En invierno sale únicamente cuando enciende la estufa. No sabe si se sofoca a raíz del calor que va subiendo lentamente desde el tiro balanceado por detrás del bastidor, o el invierno raciona el aprovisionamiento de insectos, primero tornando infructuosas las incursiones nocturnas en busca de alimento y después adormeciendo los impulsos diurnos hasta entrada la primavera. Su mayor proeza fue hacia finales del verano cuando atrapó una langosta que lo duplicaba en tamaño; pasó 28 horas trabajando sobre el cadáver como un taxidermista. Cuando concluyó, la arrojó al vacío. Williams Burro escuché el impacto pedregoso del cuerpo desecado de la langosta contra el parquet y alzó la mirada con un latigazo cervical. La había arrastrado hacia los lindes de la telaraña y sin más dilaciones, tirado a la basura. Después engordó exageradamente y estuvo una semana sin salir de la cueva.

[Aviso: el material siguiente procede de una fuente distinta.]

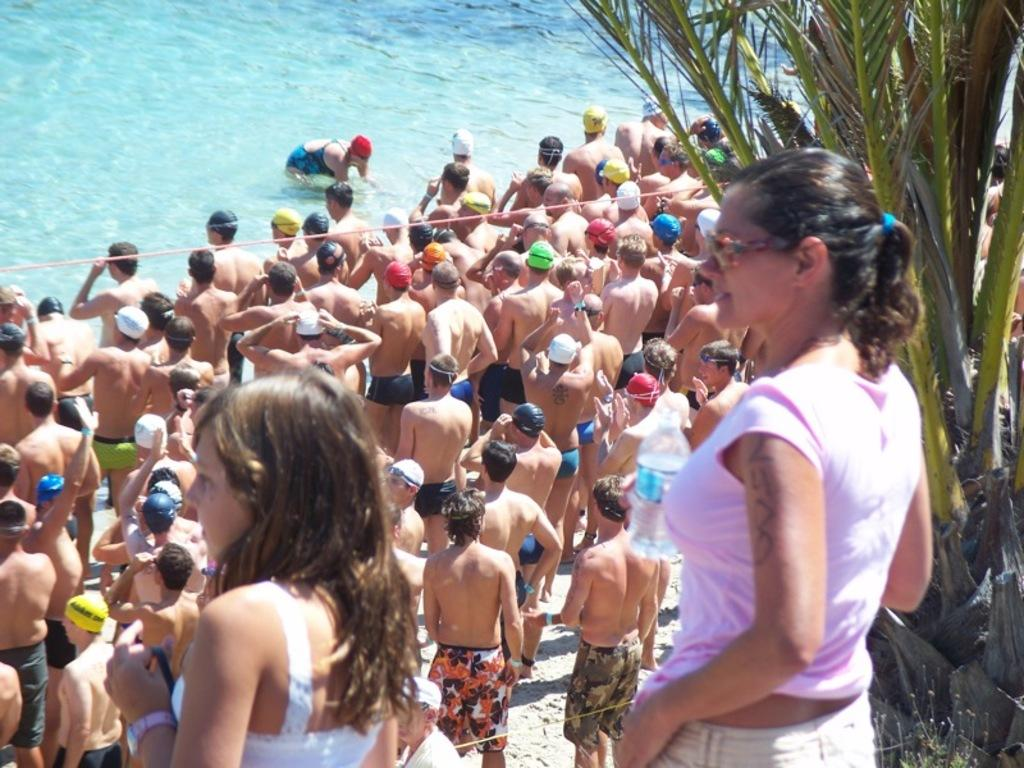What can be found on the left side of the image? There is a swimming pool on the left side of the image. What type of surface is present in the image? There is sand in the image. What are the people near the swimming pool wearing? The people standing near the swimming pool are wearing swim dresses. What can be seen on the right side of the image? There is a tree on the right side of the image. What type of instrument is being played by the grandmother in the image? There is no grandmother or instrument present in the image. What need do the people standing near the swimming pool have in the image? The provided facts do not indicate any specific needs of the people in the image. 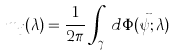Convert formula to latex. <formula><loc_0><loc_0><loc_500><loc_500>m _ { j } ( \lambda ) = \frac { 1 } { 2 \pi } \int _ { \gamma _ { j } } d \Phi ( \vec { \psi } ; \lambda )</formula> 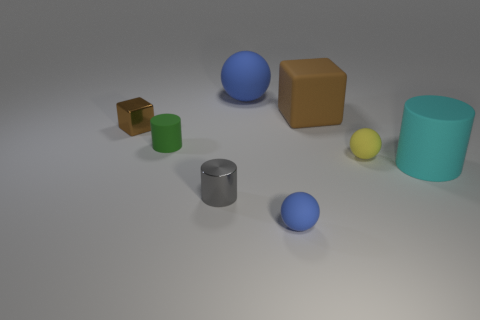Subtract all blue cylinders. Subtract all brown cubes. How many cylinders are left? 3 Subtract all cubes. How many objects are left? 6 Add 6 tiny green rubber things. How many tiny green rubber things exist? 7 Subtract 0 gray blocks. How many objects are left? 8 Subtract all cyan cylinders. Subtract all yellow spheres. How many objects are left? 6 Add 2 small green rubber cylinders. How many small green rubber cylinders are left? 3 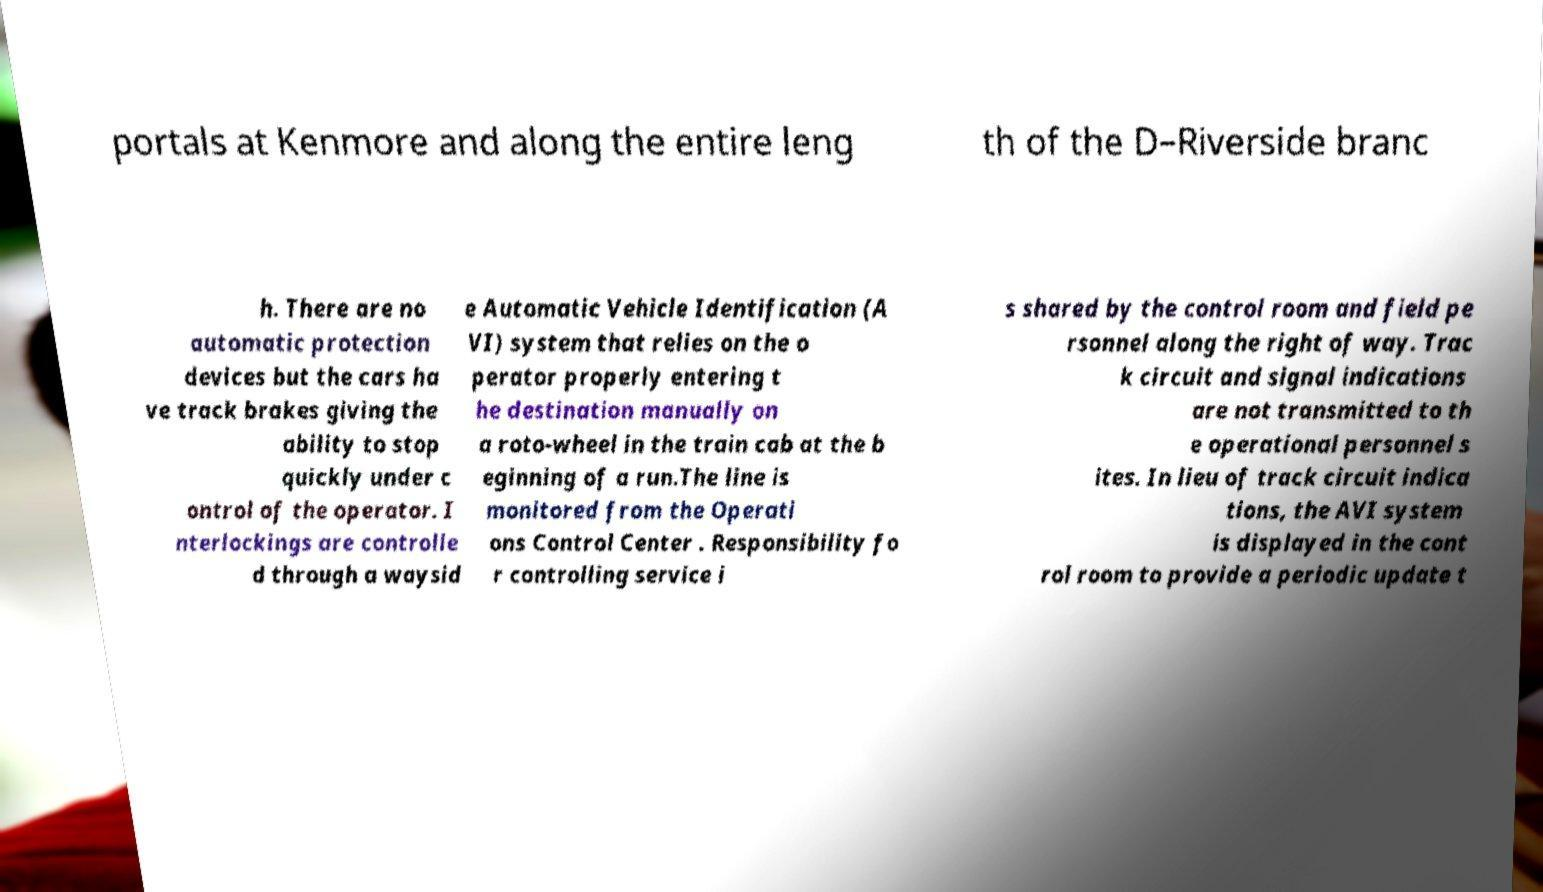Please identify and transcribe the text found in this image. portals at Kenmore and along the entire leng th of the D–Riverside branc h. There are no automatic protection devices but the cars ha ve track brakes giving the ability to stop quickly under c ontrol of the operator. I nterlockings are controlle d through a waysid e Automatic Vehicle Identification (A VI) system that relies on the o perator properly entering t he destination manually on a roto-wheel in the train cab at the b eginning of a run.The line is monitored from the Operati ons Control Center . Responsibility fo r controlling service i s shared by the control room and field pe rsonnel along the right of way. Trac k circuit and signal indications are not transmitted to th e operational personnel s ites. In lieu of track circuit indica tions, the AVI system is displayed in the cont rol room to provide a periodic update t

Williasm Burro mira a Ernesto. Le sorprende su longevidad. Piensa en la tenacidad de un espíritu imperturbable, en su vida que pende de un hilo. Le dice: Todo es lo que parece poco, Ernesto. De esa abstracción salta a otra y después a otra y en algún momento se da cuenta que no tiene, ni tuvo, ni va a tener alma. Esa cosa medio inmunda que trajeron flotando en barco de España con la firme convicción de asistir a los indios, de engrandecer la comunidad católica de habla castellana; una camiseta que no se pone, ni se puso, ni se va a poner. Entonces sí, le queda bien el nombre Ernesto.